Better to be 15 now or 1987?

Not all the discussions and debates were frivolous and silly over my vacation.  Sure, we had talks about our first concerts and our jobs.  There was a conversation about credit card debt and mortgages I found pretty insightful too.  But there was a particularly interesting sentence or two that had to do with the 15 year old boy in our group.

Namely, my oldest friend and the backbone to the trip, made an off the cuff comment about what he was up to when he was 15.  He pointed the question at one of his oldest friends and the father to the boy.  Pretty much went like this:  "Boy the stuff we did when we were his age."

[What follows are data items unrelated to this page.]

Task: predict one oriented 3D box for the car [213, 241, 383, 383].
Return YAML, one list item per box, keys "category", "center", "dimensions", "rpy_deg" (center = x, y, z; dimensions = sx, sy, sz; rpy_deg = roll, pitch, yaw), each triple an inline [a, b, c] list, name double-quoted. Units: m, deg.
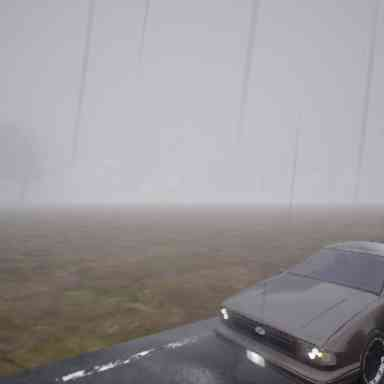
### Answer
- category: "car"
  center: [2.914, 1.577, 5.455]
  dimensions: [5.357, 1.411, 2.033]
  rpy_deg: [0, 0, -36]
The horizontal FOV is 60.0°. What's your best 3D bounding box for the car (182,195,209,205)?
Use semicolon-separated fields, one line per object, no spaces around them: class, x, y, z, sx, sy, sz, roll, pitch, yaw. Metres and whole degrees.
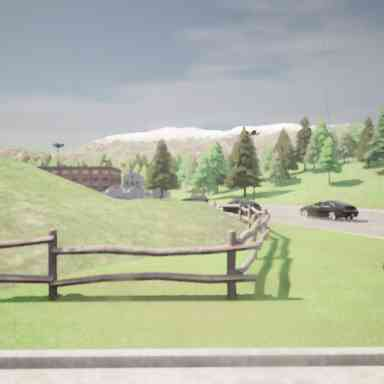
car;0.495;1.224;54.617;4.553;1.767;2.097;0;0;34

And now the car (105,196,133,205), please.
car;-12.561;1.473;57.122;4.181;1.385;1.994;0;0;18

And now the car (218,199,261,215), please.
car;4.314;1.419;31.128;1.837;1.490;4.892;0;0;-31

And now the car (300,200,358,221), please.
car;10.690;1.409;26.297;1.837;1.490;4.892;0;0;-23

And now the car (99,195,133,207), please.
car;-11.784;1.267;52.856;4.553;1.767;2.097;0;0;23

I could describe details but I think you get the point.  At 15 in the 80s life was infinitely easier.  In 1987 I was headed out first thing in the morning and coming back sometime around dinnertime.  I would head back out and get home to sleep.  Years before that, at age 9, I was pretty much doing the same thing.  I could get on my bike and head to the high school.  I could take a walk, alone, to buy my dad some smokes.  I could engage in a wiffle ball game in the middle of my street.

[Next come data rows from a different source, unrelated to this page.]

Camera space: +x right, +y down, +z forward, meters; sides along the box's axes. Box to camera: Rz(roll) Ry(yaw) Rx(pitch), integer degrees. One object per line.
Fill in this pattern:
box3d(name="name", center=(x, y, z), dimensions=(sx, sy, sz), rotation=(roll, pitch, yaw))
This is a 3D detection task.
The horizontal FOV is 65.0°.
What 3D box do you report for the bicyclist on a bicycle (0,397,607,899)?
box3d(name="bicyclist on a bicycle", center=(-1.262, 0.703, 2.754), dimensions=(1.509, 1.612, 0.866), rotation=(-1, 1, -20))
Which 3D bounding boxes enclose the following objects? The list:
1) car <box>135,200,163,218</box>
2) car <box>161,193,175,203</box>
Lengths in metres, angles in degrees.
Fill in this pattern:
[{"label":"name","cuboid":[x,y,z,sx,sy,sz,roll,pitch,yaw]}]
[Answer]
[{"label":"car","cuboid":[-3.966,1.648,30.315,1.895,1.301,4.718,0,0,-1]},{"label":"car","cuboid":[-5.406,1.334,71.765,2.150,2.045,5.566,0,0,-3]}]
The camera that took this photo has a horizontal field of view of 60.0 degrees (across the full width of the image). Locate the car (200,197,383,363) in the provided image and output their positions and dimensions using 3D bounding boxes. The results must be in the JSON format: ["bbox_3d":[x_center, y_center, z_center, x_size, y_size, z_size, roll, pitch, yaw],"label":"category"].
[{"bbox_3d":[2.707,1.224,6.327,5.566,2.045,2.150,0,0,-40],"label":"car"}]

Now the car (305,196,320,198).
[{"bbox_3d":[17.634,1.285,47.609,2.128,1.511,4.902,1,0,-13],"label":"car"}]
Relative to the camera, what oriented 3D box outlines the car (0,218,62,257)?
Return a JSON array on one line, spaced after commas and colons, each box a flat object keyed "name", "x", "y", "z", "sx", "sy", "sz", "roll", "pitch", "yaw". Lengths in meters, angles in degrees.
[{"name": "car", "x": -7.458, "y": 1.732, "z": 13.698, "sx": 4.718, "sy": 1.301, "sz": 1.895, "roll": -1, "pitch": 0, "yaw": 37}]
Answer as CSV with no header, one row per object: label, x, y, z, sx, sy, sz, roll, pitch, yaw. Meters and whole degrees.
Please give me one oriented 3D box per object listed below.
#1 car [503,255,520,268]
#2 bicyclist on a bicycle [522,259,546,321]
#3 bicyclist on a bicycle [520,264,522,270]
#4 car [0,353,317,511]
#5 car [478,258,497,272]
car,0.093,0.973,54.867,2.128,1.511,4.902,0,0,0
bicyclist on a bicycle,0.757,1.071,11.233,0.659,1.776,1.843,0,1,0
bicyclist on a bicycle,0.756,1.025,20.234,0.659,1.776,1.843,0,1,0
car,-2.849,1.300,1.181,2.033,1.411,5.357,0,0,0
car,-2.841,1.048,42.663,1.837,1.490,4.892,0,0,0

At 9, my daughter would never dare walking down our street alone.  She has spent about 10 pedals riding her bike on the street (with me watching over every inch of the trip.)  She could try to get me cigarettes...  but we all know how that would work.

And what of that 15 year old boy today?  Any chance he can get a fake id and get served at his local?  Would he even want to drink?  In many ways he showed a greater maturity than most of us.  Although very much wired in and gaming (Call of Duty, Dance game on Xbox, etc...), he wanted to sail on his free day down South.  I don't think I knew what sailing was at 15.  I barely do now.

Kids are exposed to so many things via all types of media (social and otherwise) I wonder how much of them dare experience the very things they are exposed to.  We fear letting them go yet are content letting them stay inside.  I think I prefer the older model.   That is to say, go out and experience everything you can NOW!  To virtually experience it will never satisfy your human urges.  I would prefer my daughter have a few drunken episodes early in life rather than go crazy week 1 at Harvard.  And as heart-wrenching as it is to write, she better have some dating experiences along the way too.  The sports and/or clubs should continue for sure.  Sleepovers and bike rides through town are mandatory.  I want to be sad and devastated when she says "I am going to a high school football game with my friends dad, can you drop us off."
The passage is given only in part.